Finally, participants wrote “commitment to change” (CTC) statements.21,22 They were asked to identify “up to 3 concrete, measurable changes that you will employ in your clinical teaching as a result of this workshop” and “up to 3 changes in your clinical practice…” Three months later, we mailed the participants a follow-up survey, which reproduced their CTC statements. For each CTC statement, they indicated whether they had implemented it fully, partially, or not at all. If they had not fully implemented a change, they identified from a list of options the primary barrier to implementation.

Data Analysis

We compared the pre- and post-skill rating scores with the Wilcoxon signed rank test for paired data. We described the overall rate of implementation of the CTC statements and the barriers identified for unfulfilled commitments. In addition, we compared the implementation rates for the 2 preceptor locations (university or community) and for the 2 types of commitments (clinical or teaching). We dichotomized the implementation variable for these comparisons, maintaining the “fully implemented” responses and collapsing “partially implemented” with “not at all implemented.” We collapsed the data in this way in order to relate the implementation rates to the perceived barriers, which were identified for all commitments not “fully implemented.” To test for statistical significance of these comparisons, we used logistic regression with hierarchical modeling to adjust for effects at the level of the preceptors, each of whom had the opportunity to “implement” multiple commitments of both types. Thus, we do not present simple bivariate statistics, because these do not account for between-preceptor differences.

Human Subjects

The human investigation committee granted this project an exemption from formal review.

RESULTS

Twenty-six preceptors attended the workshop. Twenty-four (92%) completed the evaluation at the conclusion of the workshop and, of these, 22 (92%) returned the 3-month follow up form. Fifty-nine percent worked in private practice or community health centers, and 41% worked in university-based teaching clinics. Twenty-three percent precepted only medical students, 32% precepted only residents, and 45% precepted both. Forty-two percent of preceptors were attracted to the workshop mainly by the office-precepting content, 4% by the genetics content, and 54% by both.

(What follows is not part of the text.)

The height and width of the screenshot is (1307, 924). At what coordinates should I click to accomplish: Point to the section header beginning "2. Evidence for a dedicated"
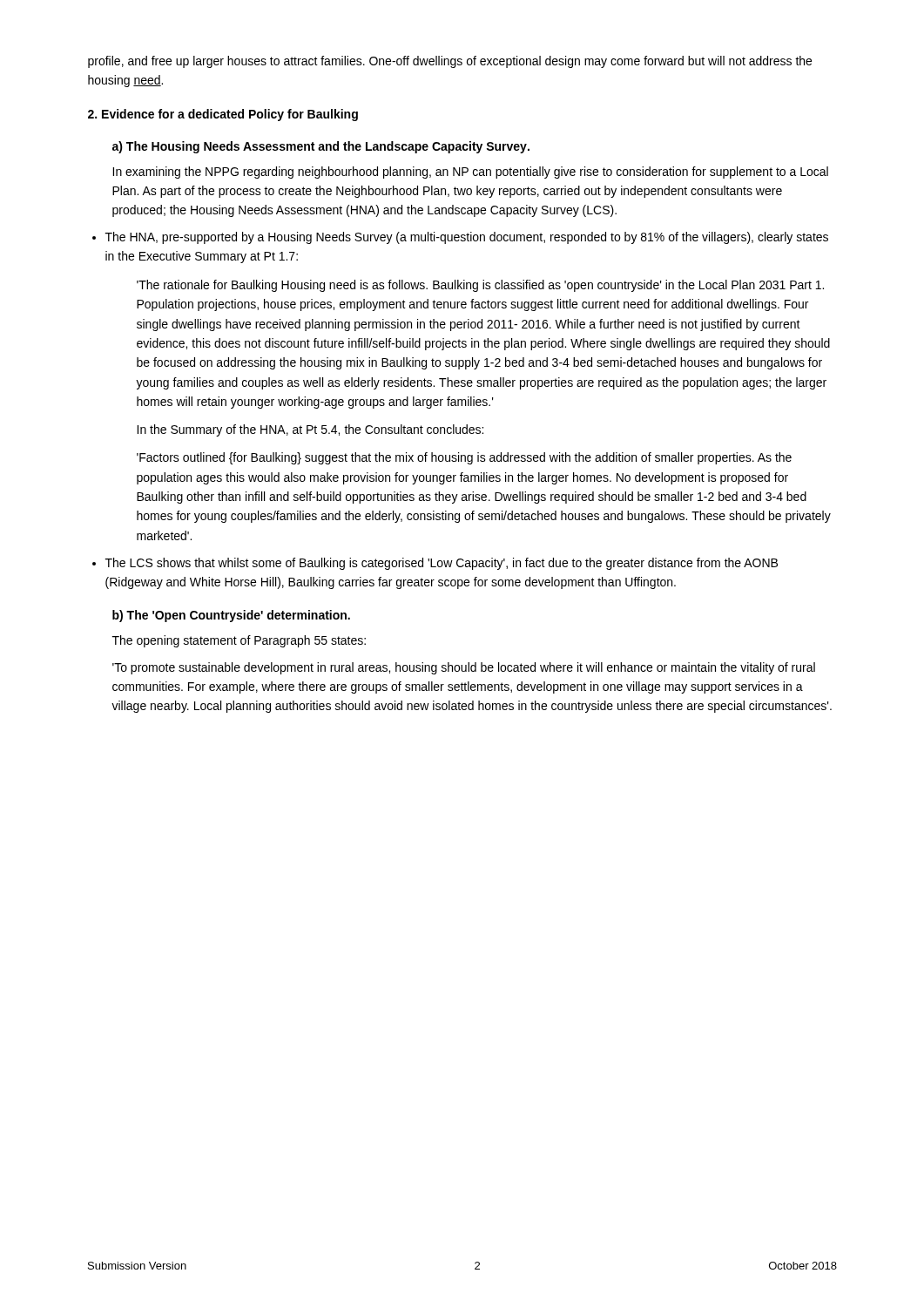(x=223, y=115)
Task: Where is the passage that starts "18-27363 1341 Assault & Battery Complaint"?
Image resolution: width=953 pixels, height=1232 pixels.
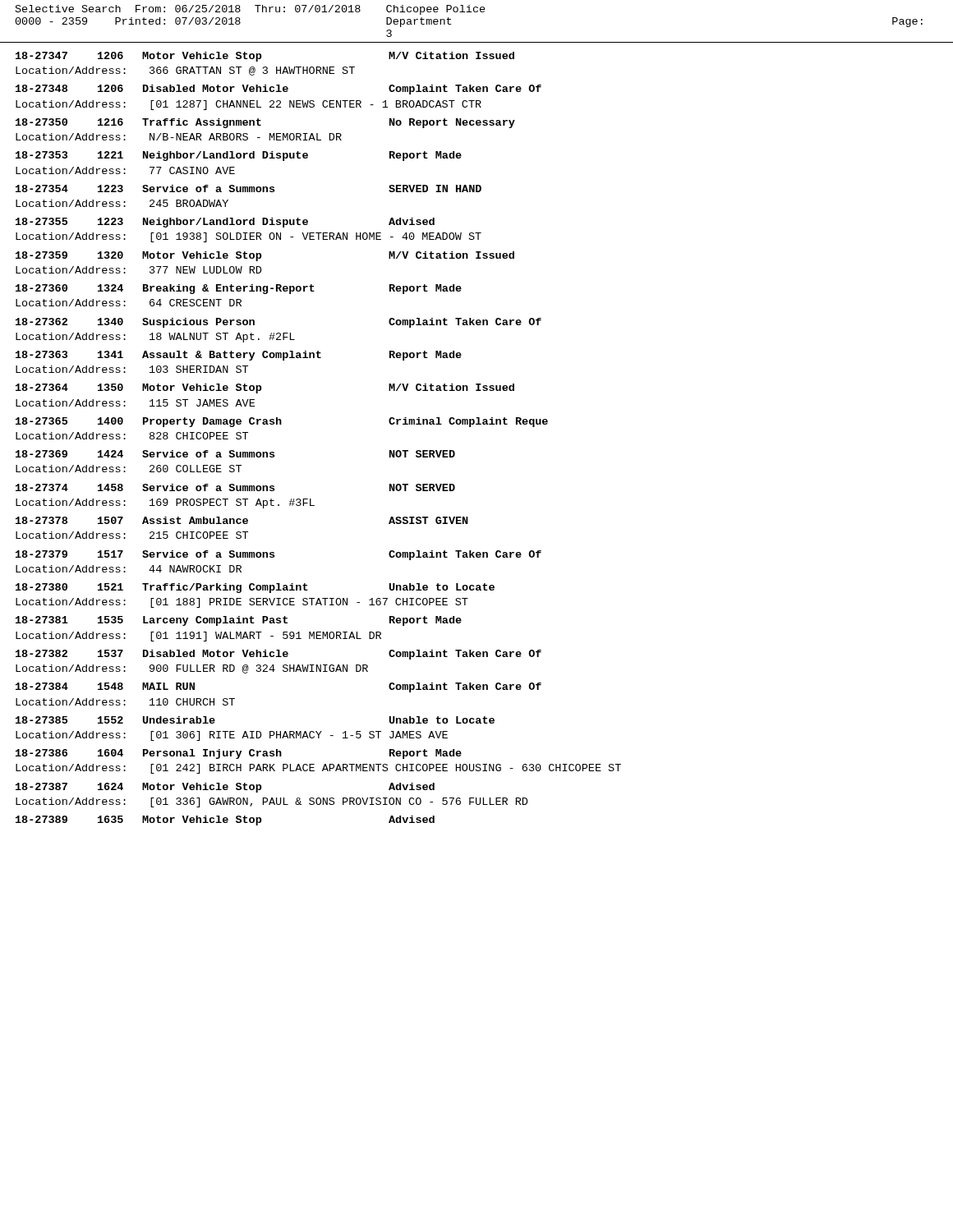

The preceptors' self-reported retrospective pre-post skill ratings are listed in Table 3. Significant improvements occurred in all skills. Notably, at baseline, the ambulatory precepting skills were higher than the primary care genetics skills.

Table 3.

Retrospective Pre-post Skill Ratings (N = 24)*

Before Workshop After Workshop
Skill Median (Range) Median (Range)
Identify trainee's learning needs 3 (2 to 5) 4 (3 to 5)
Set a limited teaching agenda 3 (2 to 5) 4 (3 to 5)
Utilize priming and modeling 3 (1 to 5) 3.5 (3 to 5)
Maintain trainee's sense of ownership 3 (1 to 4) 4 (2 to 5)
Identify women at high risk of having a BRCA 3 (1 to 5) 4 (2 to 5)
Interpret the results of BRCA testing 2 (1 to 5) 3 (1 to 5)
Explain the effectiveness and risks of risk reduction strategies for BRCA 2 (1 to 5) 3.5 (2 to 5)
Council a woman about genetic screening 2 (1 to 5) 4 (2 to 5)
*

Rating scale: 1 = I do not do this, 2 = generally not able to do this, 3 = somewhat able to do this, 4 = quite competent in doing this, 5 = I am highly competent at doing this.

P < 0.001 for pre-post comparison.

The preceptors listed a total of 95 CTC statements, including 52 (55%) clinical teaching and 43 (45%) clinical practice. Individual preceptors listed a mean of 2.4 (range 1 to 3) clinical teaching CTC statements and 2.0 (range 0 to 3) clinical practice CTC statements. Most of the CTC statements related to the workshop's learning objectives. The most common teaching statement was “assess trainees' learning needs” and the most common clinical statement was “assess women's risk for breast cancer and BRCA.”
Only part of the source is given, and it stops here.